Covering the bioinformatics niche and much more

Splitting a FASTA File Using Awk (No Sed Required), or Do We Care About Csplit?

| Comments

We saw that “top notch bioinformaticians” use csplit to split FASTA files, so I decided to post as many as possible alternatives to split these files. As csplit, awk is something found with more frequency in Linux machines than Windows, but it can be installed on Windows (even Vista) and it runs fine.

Awk is usually shown in parallel with sed, as both utilities have the main objective of text processing. I browsed the web searching for a sed/awk solution to split FASTA files something that I thought could be done in one line. And I found it.

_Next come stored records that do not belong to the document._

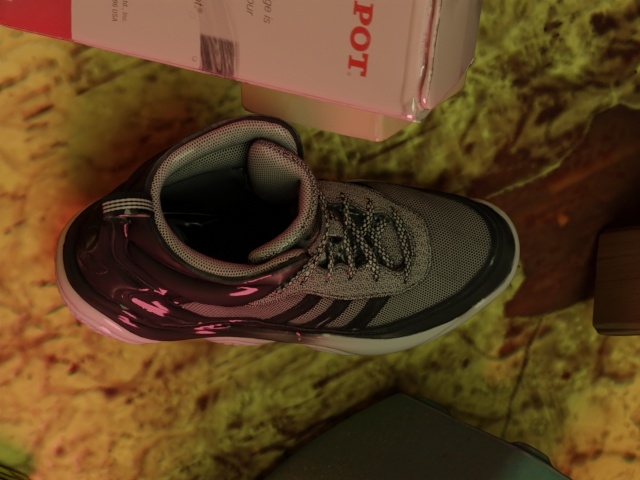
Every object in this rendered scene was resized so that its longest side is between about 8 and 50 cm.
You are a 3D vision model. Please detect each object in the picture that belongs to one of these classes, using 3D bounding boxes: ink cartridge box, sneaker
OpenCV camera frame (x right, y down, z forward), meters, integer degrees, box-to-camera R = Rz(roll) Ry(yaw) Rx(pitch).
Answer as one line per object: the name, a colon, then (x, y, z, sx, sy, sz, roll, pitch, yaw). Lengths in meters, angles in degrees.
ink cartridge box: (-0.032, -0.160, 0.785, 0.218, 0.092, 0.158, 16, 118, 18)
sneaker: (0.000, 0.000, 0.926, 0.268, 0.153, 0.101, -2, 75, -17)

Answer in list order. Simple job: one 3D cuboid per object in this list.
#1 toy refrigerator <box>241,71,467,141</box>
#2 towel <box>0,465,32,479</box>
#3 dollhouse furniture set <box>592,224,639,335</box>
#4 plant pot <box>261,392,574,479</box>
toy refrigerator: (0.017, -0.197, 0.868, 0.102, 0.094, 0.269, -36, 134, -51)
towel: (-0.264, 0.223, 1.019, 0.102, 0.021, 0.237, 25, 103, -28)
dollhouse furniture set: (0.309, 0.197, 1.046, 0.256, 0.362, 0.394, 8, 83, -25)
plant pot: (0.073, 0.242, 1.038, 0.247, 0.248, 0.252, 34, 83, -30)
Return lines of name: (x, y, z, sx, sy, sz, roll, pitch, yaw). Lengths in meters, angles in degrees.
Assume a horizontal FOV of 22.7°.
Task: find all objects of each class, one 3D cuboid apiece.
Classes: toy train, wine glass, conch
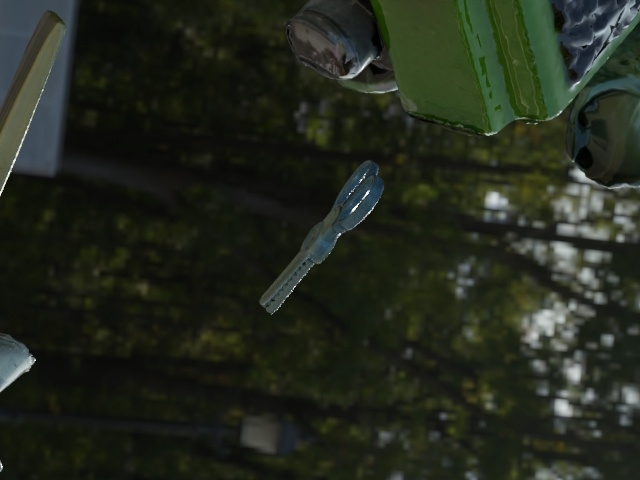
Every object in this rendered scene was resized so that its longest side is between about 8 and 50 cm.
toy train: (0.125, -0.218, 1.201, 0.307, 0.249, 0.173, -47, 138, -27)
wine glass: (-0.470, 0.230, 2.196, 0.122, 0.122, 0.183, 115, -14, -55)
conch: (0.380, -0.149, 1.740, 0.134, 0.202, 0.196, -49, 152, -72)

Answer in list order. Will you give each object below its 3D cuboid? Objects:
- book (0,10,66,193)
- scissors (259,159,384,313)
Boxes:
book: (-0.346, -0.147, 1.804, 0.239, 0.035, 0.352, -66, -167, 4)
scissors: (0.000, 0.000, 2.198, 0.256, 0.030, 0.125, -50, -163, 17)
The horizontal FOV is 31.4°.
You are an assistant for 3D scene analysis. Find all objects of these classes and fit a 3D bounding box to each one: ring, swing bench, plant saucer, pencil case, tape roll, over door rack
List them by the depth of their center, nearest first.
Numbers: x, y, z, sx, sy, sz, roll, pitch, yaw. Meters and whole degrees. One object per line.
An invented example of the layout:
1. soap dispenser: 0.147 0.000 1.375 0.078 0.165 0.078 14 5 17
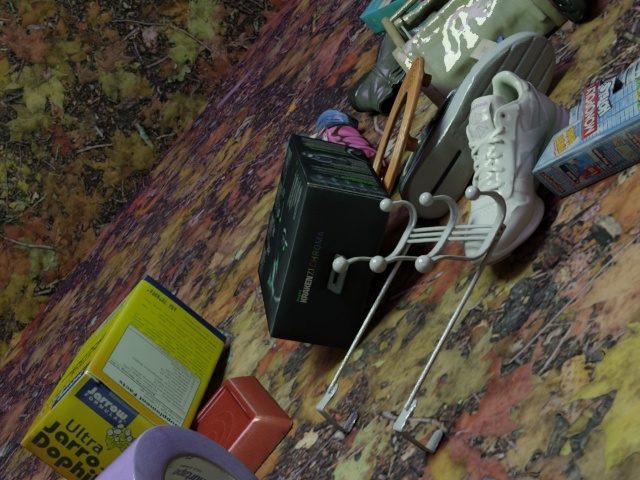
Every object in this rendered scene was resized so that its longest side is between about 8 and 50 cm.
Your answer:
1. tape roll: -0.137 0.346 1.307 0.090 0.275 0.275 -43 20 15
2. over door rack: 0.095 0.087 1.433 0.239 0.108 0.324 -3 66 65
3. plant saucer: -0.171 0.331 1.764 0.259 0.047 0.258 -50 19 -4
4. ring: 0.117 -0.131 1.833 0.336 0.032 0.337 -164 90 -86
5. swing bench: 0.259 -0.381 1.990 0.253 0.165 0.255 -43 20 17
6. pencil case: 0.056 -0.155 2.109 0.095 0.098 0.209 -48 20 4

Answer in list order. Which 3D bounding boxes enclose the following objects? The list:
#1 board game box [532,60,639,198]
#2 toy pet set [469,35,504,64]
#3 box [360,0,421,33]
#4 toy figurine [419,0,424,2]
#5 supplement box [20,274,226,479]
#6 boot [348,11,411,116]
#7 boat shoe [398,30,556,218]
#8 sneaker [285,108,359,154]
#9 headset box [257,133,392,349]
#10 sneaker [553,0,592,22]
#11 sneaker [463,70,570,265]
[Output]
1. board game box: 0.367 -0.149 1.469 0.194 0.060 0.194 -35 23 33
2. toy pet set: 0.301 -0.279 1.831 0.122 0.114 0.065 -53 43 -5
3. box: 0.192 -0.556 2.629 0.100 0.060 0.244 -56 20 -18
4. toy figurine: 0.223 -0.553 2.404 0.130 0.159 0.173 -23 32 52
5. supplement box: -0.324 0.250 1.941 0.195 0.194 0.356 -46 10 22
6. boot: 0.167 -0.351 2.294 0.247 0.083 0.161 -58 27 -8
7. boat shoe: 0.224 -0.188 1.763 0.335 0.121 0.119 -50 23 2
8. sneaker: 0.004 -0.194 2.357 0.221 0.083 0.087 -36 35 47
9. headset box: 0.000 0.000 1.733 0.283 0.131 0.246 -110 32 -69
10. sneaker: 0.419 -0.458 1.886 0.124 0.107 0.283 -37 22 16
11. sneaker: 0.234 -0.099 1.527 0.114 0.152 0.305 -24 32 47
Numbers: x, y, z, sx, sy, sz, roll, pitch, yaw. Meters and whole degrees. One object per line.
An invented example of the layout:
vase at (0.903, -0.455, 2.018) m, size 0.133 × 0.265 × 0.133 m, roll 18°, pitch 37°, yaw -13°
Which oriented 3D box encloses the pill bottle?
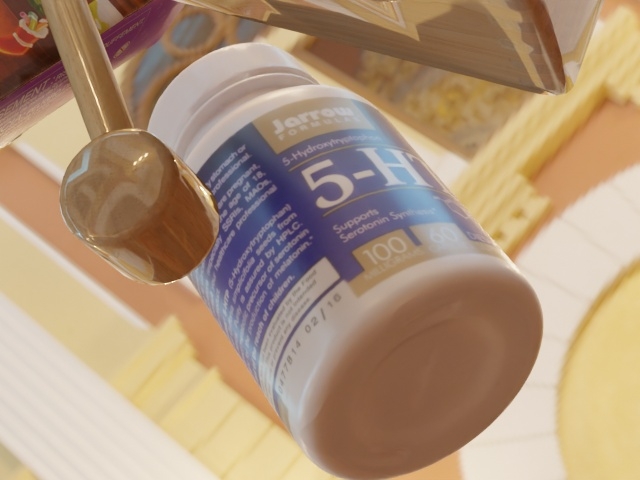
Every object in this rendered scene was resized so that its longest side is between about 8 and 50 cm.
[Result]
pill bottle at (0.000, 0.000, 0.683) m, size 0.112 × 0.187 × 0.112 m, roll -20°, pitch -43°, yaw -20°

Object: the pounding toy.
pounding toy at (-0.021, -0.094, 0.408) m, size 0.206 × 0.181 × 0.094 m, roll -69°, pitch -21°, yaw -10°

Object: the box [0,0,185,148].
box at (-0.204, -0.147, 0.566) m, size 0.057 × 0.293 × 0.201 m, roll -47°, pitch -1°, yaw 44°
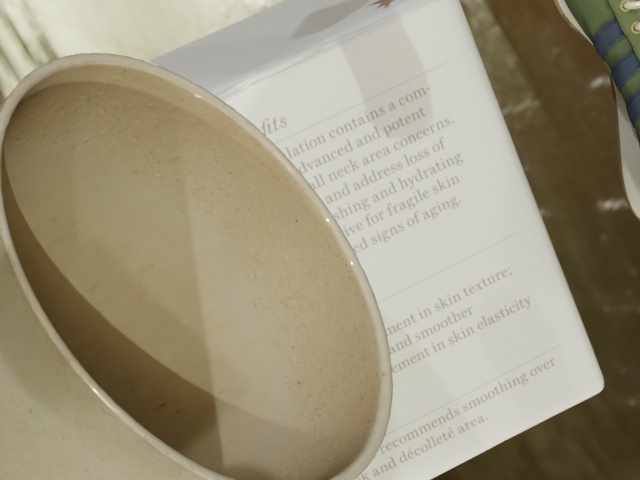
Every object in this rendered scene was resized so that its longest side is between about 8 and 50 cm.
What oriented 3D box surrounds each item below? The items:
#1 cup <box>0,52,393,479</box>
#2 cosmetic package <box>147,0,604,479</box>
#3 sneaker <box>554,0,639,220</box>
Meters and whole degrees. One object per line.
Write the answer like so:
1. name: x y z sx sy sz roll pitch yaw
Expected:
1. cup: -0.150 0.075 1.173 0.237 0.331 0.331 -37 83 32
2. cosmetic package: 0.000 0.000 1.596 0.394 0.329 0.327 68 171 -16
3. sneaker: 0.157 -0.078 0.746 0.086 0.064 0.192 34 150 59
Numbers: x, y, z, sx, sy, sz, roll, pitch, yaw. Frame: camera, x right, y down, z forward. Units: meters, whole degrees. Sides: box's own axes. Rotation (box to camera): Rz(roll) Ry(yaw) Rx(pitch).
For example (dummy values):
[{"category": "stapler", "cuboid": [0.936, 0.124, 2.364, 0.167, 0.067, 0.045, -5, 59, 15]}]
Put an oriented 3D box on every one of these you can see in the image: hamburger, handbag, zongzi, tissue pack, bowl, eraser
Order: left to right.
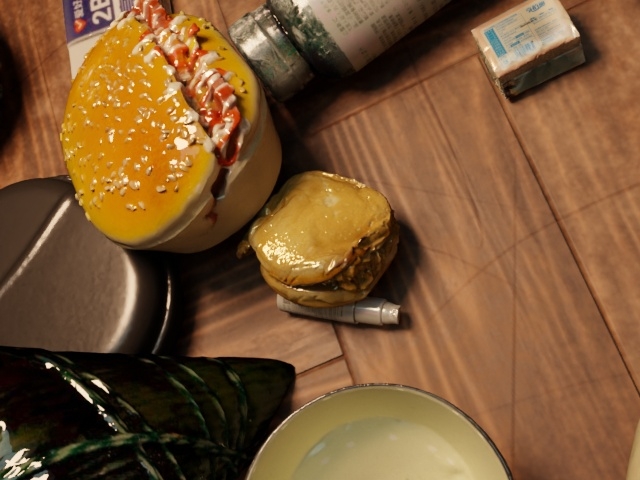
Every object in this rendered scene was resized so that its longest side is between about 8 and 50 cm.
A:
[{"category": "handbag", "cuboid": [-0.291, 0.058, 1.058, 0.308, 0.093, 0.253, 32, 86, 26]}, {"category": "zongzi", "cuboid": [-0.174, 0.240, 0.800, 0.319, 0.383, 0.362, -46, 57, 6]}, {"category": "eraser", "cuboid": [-0.250, -0.288, 1.170, 0.125, 0.068, 0.210, -16, 69, 12]}, {"category": "hamburger", "cuboid": [-0.167, -0.118, 0.992, 0.227, 0.151, 0.295, -45, 52, 8]}, {"category": "hamburger", "cuboid": [0.000, 0.000, 0.964, 0.147, 0.083, 0.138, 21, 53, 29]}, {"category": "bowl", "cuboid": [0.054, 0.248, 0.842, 0.238, 0.126, 0.237, -2, 76, 6]}, {"category": "tissue pack", "cuboid": [0.212, -0.200, 0.980, 0.094, 0.059, 0.074, -26, 64, 10]}]

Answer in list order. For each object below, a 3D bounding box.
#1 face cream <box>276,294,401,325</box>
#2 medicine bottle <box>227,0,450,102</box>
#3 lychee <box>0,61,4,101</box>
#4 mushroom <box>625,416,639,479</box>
[{"category": "face cream", "cuboid": [0.020, 0.066, 0.976, 0.130, 0.034, 0.034, 8, 76, 23]}, {"category": "medicine bottle", "cuboid": [0.044, -0.271, 1.018, 0.293, 0.141, 0.141, -37, 65, 5]}, {"category": "lychee", "cuboid": [-0.516, -0.207, 1.144, 0.255, 0.274, 0.255, -25, 56, 43]}, {"category": "mushroom", "cuboid": [0.403, 0.181, 0.692, 0.336, 0.314, 0.314, 10, 76, 1]}]
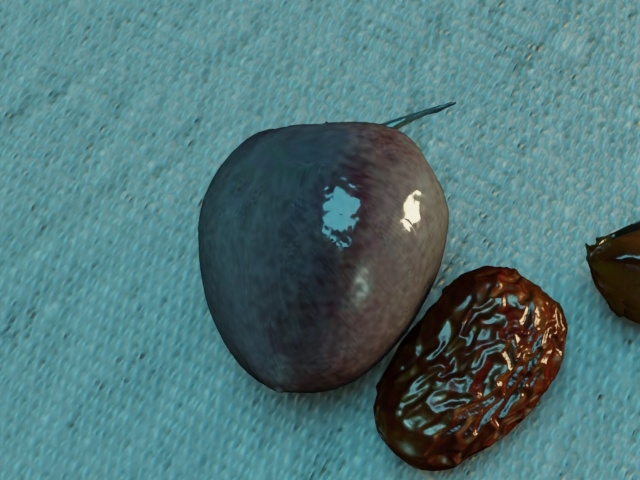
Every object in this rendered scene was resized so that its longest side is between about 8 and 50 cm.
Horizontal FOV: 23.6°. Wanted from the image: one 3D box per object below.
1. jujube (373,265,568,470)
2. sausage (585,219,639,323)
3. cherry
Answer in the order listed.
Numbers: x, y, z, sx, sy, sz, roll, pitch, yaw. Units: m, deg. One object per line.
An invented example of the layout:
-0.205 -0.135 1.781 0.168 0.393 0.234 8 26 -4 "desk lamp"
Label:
0.118 0.105 1.221 0.176 0.109 0.112 -51 31 -6 "jujube"
0.376 0.033 1.212 0.330 0.102 0.102 3 65 10 "sausage"
0.000 0.000 1.238 0.213 0.183 0.266 -6 59 50 "cherry"
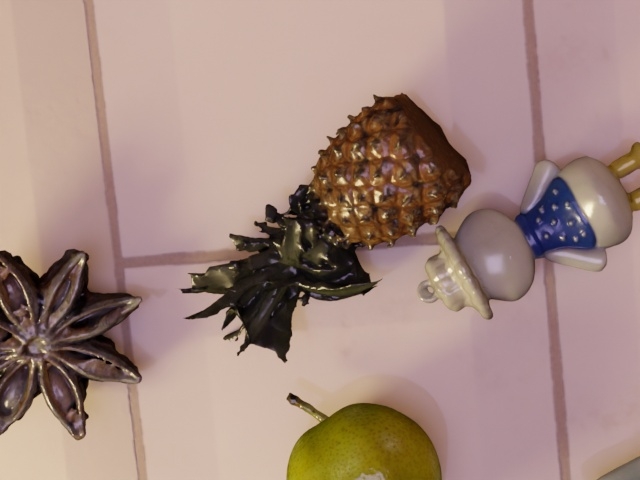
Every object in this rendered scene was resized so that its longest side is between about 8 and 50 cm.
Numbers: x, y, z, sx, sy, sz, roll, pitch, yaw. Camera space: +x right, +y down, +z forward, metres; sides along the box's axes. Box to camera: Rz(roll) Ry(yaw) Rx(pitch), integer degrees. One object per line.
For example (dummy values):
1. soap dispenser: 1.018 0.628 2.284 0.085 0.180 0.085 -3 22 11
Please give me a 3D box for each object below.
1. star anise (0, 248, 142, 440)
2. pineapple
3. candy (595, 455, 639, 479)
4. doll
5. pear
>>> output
1. star anise: -0.327 0.110 1.674 0.236 0.109 0.223 0 106 -10
2. pineapple: 0.003 0.001 1.606 0.165 0.165 0.364 46 108 0
3. candy: 0.400 0.317 1.619 0.138 0.071 0.174 -30 93 8
4. doll: 0.237 -0.007 1.584 0.293 0.119 0.138 -30 85 4
5. pear: 0.039 0.252 1.625 0.180 0.166 0.216 -39 69 23
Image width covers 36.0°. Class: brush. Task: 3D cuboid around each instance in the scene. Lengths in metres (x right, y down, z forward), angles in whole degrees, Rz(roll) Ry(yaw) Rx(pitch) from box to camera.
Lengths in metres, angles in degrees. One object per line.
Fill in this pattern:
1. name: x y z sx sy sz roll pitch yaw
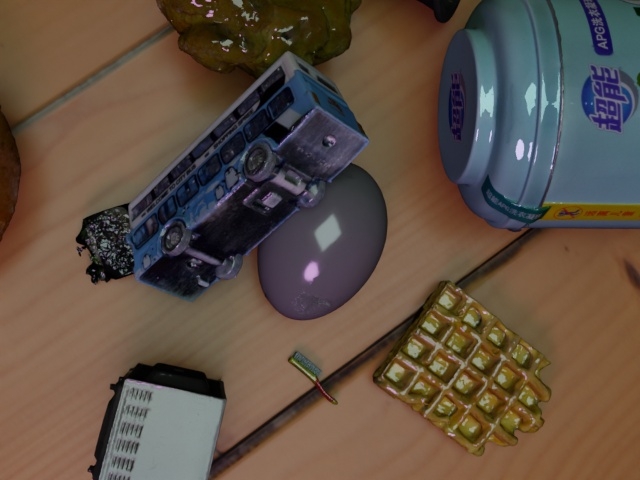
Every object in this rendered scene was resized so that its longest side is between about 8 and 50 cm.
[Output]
1. brush: -0.005 0.172 1.228 0.083 0.019 0.021 45 74 -1

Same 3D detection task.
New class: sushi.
1. sushi: -0.250 0.004 1.188 0.084 0.056 0.083 -18 90 -8

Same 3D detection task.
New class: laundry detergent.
1. laundry detergent: 0.305 -0.151 1.148 0.305 0.287 0.287 0 87 -8

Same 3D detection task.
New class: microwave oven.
1. microwave oven: -0.184 0.223 1.110 0.129 0.205 0.163 12 85 -7

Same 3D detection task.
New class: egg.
1. egg: 0.000 0.000 1.173 0.146 0.146 0.199 29 93 -5

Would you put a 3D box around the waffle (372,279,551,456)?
1. waffle: 0.192 0.175 1.234 0.211 0.055 0.160 39 83 -5

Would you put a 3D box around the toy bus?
1. toy bus: -0.091 -0.066 1.110 0.297 0.131 0.106 -40 137 23

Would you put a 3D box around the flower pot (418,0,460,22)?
1. flower pot: 0.108 -0.395 1.190 0.148 0.235 0.235 15 85 13

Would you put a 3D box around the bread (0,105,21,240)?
1. bread: -0.490 -0.087 1.111 0.312 0.172 0.312 0 91 -10

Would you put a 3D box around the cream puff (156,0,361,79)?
1. cream puff: -0.070 -0.286 1.154 0.244 0.196 0.244 0 88 -9
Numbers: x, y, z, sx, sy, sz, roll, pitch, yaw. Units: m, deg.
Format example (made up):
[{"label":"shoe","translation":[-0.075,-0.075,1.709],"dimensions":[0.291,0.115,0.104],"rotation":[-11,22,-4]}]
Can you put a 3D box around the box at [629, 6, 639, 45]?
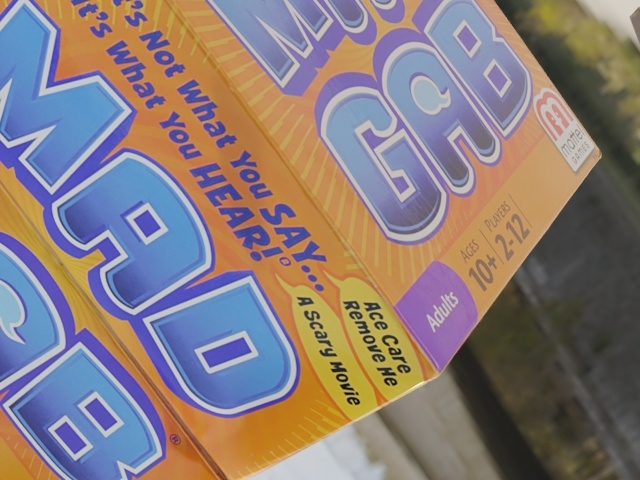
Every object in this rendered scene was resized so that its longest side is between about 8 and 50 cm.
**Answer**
[{"label":"box","translation":[0.370,-0.116,1.583],"dimensions":[0.164,0.021,0.201],"rotation":[13,-134,-27]}]

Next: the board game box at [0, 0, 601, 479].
[{"label":"board game box","translation":[-0.089,-0.055,1.231],"dimensions":[0.356,0.356,0.356],"rotation":[54,-146,-6]}]
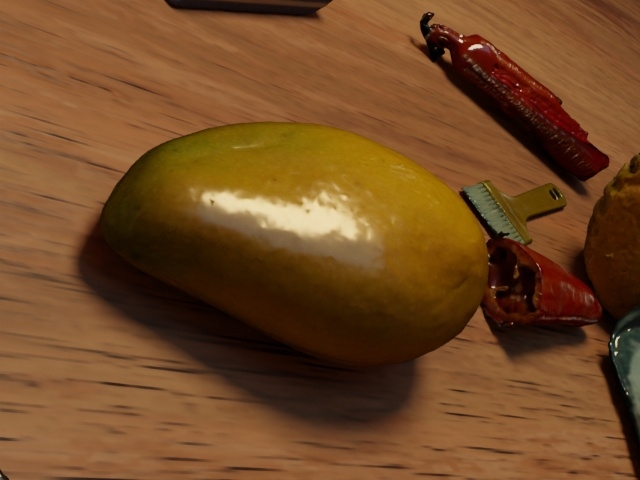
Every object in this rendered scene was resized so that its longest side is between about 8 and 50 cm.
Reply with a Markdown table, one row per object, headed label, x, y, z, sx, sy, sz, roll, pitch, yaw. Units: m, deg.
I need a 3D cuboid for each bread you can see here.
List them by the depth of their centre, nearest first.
| label | x | y | z | sx | sy | sz | roll | pitch | yaw |
| --- | --- | --- | --- | --- | --- | --- | --- | --- | --- |
| bread | 0.388 | -0.008 | 1.010 | 0.240 | 0.240 | 0.139 | 35 | 26 | -22 |

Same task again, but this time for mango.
| label | x | y | z | sx | sy | sz | roll | pitch | yaw |
| --- | --- | --- | --- | --- | --- | --- | --- | --- | --- |
| mango | 0.000 | 0.000 | 0.655 | 0.317 | 0.119 | 0.176 | 11 | 51 | -32 |

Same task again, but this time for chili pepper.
| label | x | y | z | sx | sy | sz | roll | pitch | yaw |
| --- | --- | --- | --- | --- | --- | --- | --- | --- | --- |
| chili pepper | 0.218 | 0.053 | 0.902 | 0.169 | 0.065 | 0.088 | 17 | 46 | -45 |

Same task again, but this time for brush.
| label | x | y | z | sx | sy | sz | roll | pitch | yaw |
| --- | --- | --- | --- | --- | --- | --- | --- | --- | --- |
| brush | 0.219 | -0.038 | 1.037 | 0.082 | 0.010 | 0.218 | 56 | 32 | 11 |

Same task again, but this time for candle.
| label | x | y | z | sx | sy | sz | roll | pitch | yaw |
| --- | --- | --- | --- | --- | --- | --- | --- | --- | --- |
| candle | 0.228 | -0.169 | 1.133 | 0.301 | 0.059 | 0.084 | 33 | 27 | -24 |

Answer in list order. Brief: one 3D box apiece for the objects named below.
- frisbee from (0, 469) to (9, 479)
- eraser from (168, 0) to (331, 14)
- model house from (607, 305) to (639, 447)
| label | x | y | z | sx | sy | sz | roll | pitch | yaw |
| --- | --- | --- | --- | --- | --- | --- | --- | --- | --- |
| frisbee | -0.152 | 0.120 | 0.443 | 0.211 | 0.012 | 0.187 | -9 | 63 | -52 |
| eraser | -0.070 | -0.251 | 0.882 | 0.225 | 0.036 | 0.082 | -16 | 69 | -54 |
| model house | 0.437 | 0.196 | 0.945 | 0.291 | 0.184 | 0.253 | 37 | 26 | -43 |

With a little tweak I ended up with a one-liner using awk that split the sequences in multiple files:

awk '/^>/{f="fasta."++d} {print > f}'

Awk breaks each line of its input into fields that can be checked, printed or ignored. In the command line above. awk’s commands are in between the single quotes. The first command is a regex that matches initial >. Inside the curly braces we assign a variable f to store the output filename we want and also have an integer that is incremented every time we pass through it. The second curly braces are for the actual output, where we use awk’s print command and redirect output to a file named after the variable we created in the first commands in between curly braces. Finally, we assign an input file, outside the region delimited by single quotes. And that’s it. As output we will have a series of files called fasta each one containing one sequence.